Если раньше они были источником перемен, воплощением динамизма, органом регистрации и разметки социального и культурного времени, то теперь более подвижные, не всегда привычные, заявляющие о своей относительной новизне элементы — в том числе в рецензентских оценках печатных новинок — несравненно чаще проявляются в других точках литературного поля. Это газетные издания, как специализирующиеся на информации о книжных новинках и их рецензировании («Книжное обозрение», «Ex Libris НГ»), так и общие (скажем, «Время МН»), уже упоминавшиеся «глянцевые» журналы (к примеру, «Афиша» и др.). В любом случае крайне существенно, что ротация рецензируемых авторов и книг происходит здесь в масштабах недели, если вообще не ежедневно; такова же периодичность сетевых информационно-рецензионных изданий. Цикл же редакционной подготовки толстых литературных журналов — по-прежнему до четырех месяцев. В результате рецензенты в этих изданиях, хотят они этого или нет, работают с уже размеченным и оцененным литературным материалом, а потому вынуждены и при выборе того, что рецензировать, и того, к кому адресоваться и какие литературные координаты и их значки при этом использовать, ориентироваться на более устоявшиеся, зачастую уже рутинные нормы, образцы, стандарты оценок. Ситуация тем более затруднительная, что большинство оценочных стереотипов, определявших, кто есть кто и что есть что в литературе вообще и в современной словесности в частности, сегодня или скомпрометированы, или обессмыслились, или неприменимы.

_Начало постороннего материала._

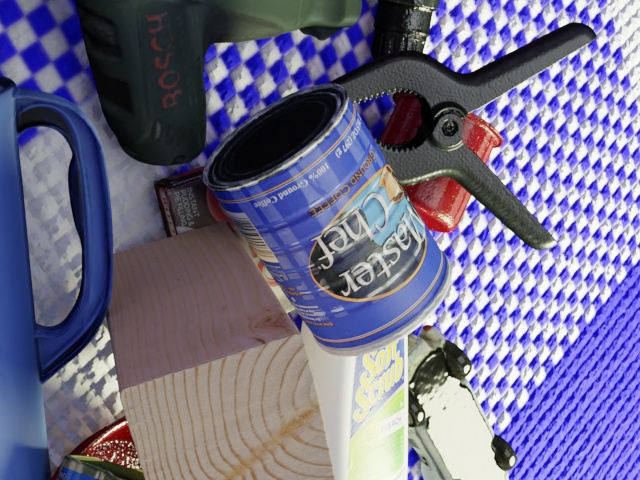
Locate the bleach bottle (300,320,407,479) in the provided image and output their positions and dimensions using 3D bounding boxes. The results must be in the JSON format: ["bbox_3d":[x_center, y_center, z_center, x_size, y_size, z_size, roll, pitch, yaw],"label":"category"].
[{"bbox_3d":[0.021,0.079,0.792,0.102,0.068,0.251,-16,112,-45],"label":"bleach bottle"}]

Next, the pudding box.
[{"bbox_3d":[-0.055,0.001,0.724,0.090,0.039,0.113,-20,112,-20],"label":"pudding box"}]

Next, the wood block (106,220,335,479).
[{"bbox_3d":[-0.066,0.067,0.601,0.090,0.206,0.090,-16,110,-10],"label":"wood block"}]

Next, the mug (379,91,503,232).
[{"bbox_3d":[0.083,-0.056,0.830,0.081,0.093,0.117,-65,168,-6],"label":"mug"}]

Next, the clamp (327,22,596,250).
[{"bbox_3d":[0.090,-0.072,0.754,0.209,0.036,0.164,-1,102,-10],"label":"clamp"}]

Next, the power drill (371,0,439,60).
[{"bbox_3d":[0.064,-0.202,0.733,0.187,0.057,0.184,-69,168,-79],"label":"power drill"}]

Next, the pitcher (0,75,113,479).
[{"bbox_3d":[-0.198,0.037,0.551,0.144,0.149,0.243,-34,125,-56],"label":"pitcher"}]

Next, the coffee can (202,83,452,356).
[{"bbox_3d":[0.006,-0.012,0.671,0.102,0.103,0.140,-47,119,-26],"label":"coffee can"}]

Обобщенно говоря, структура нынешнего литературного поля подталкивает рецензентов к классикализации. Но теперь уже подобная роль не составляет центра, фокуса литературной системы. Напротив, она сдвигается к ее периферии, а то и становится в социальном, в культурном плане маргинальной (падающий престиж исполнителей подобной роли в толстых журналах, уровень их символического вознаграждения в форме оплаты, а отсюда и полный или частичный переход многих из них в издания глянцевые или сетевые свидетельствуют об этой периферизации и даже маргинализации совершенно недвусмысленно). Но если говорить еще резче, то тем самым маргинализируется вся система воспроизводства литературной культуры (национальной литературы) в ее сложности и многоуровневости. Угасание и распад сегодняшних российских библиотек — от низовых до крупнейших национальных — демонстрируют этот коллапс культурной репродукции в масштабах страны, опять-таки, со всей очевидностью. Дело здесь не в том или не просто в том, что нет денег, — нет идей и людей, которые стояли бы за эти идеи. Это ведь узкому кругу «своих» достаточно средств быстрого оповещения, тайных знаков, шифров для непосвященных, в том числе непосредственных, устных, визуальных. Сложному и полицентричному национально-культурному целому, современному развитому социуму, научному сообществу этого, разумеется, мало.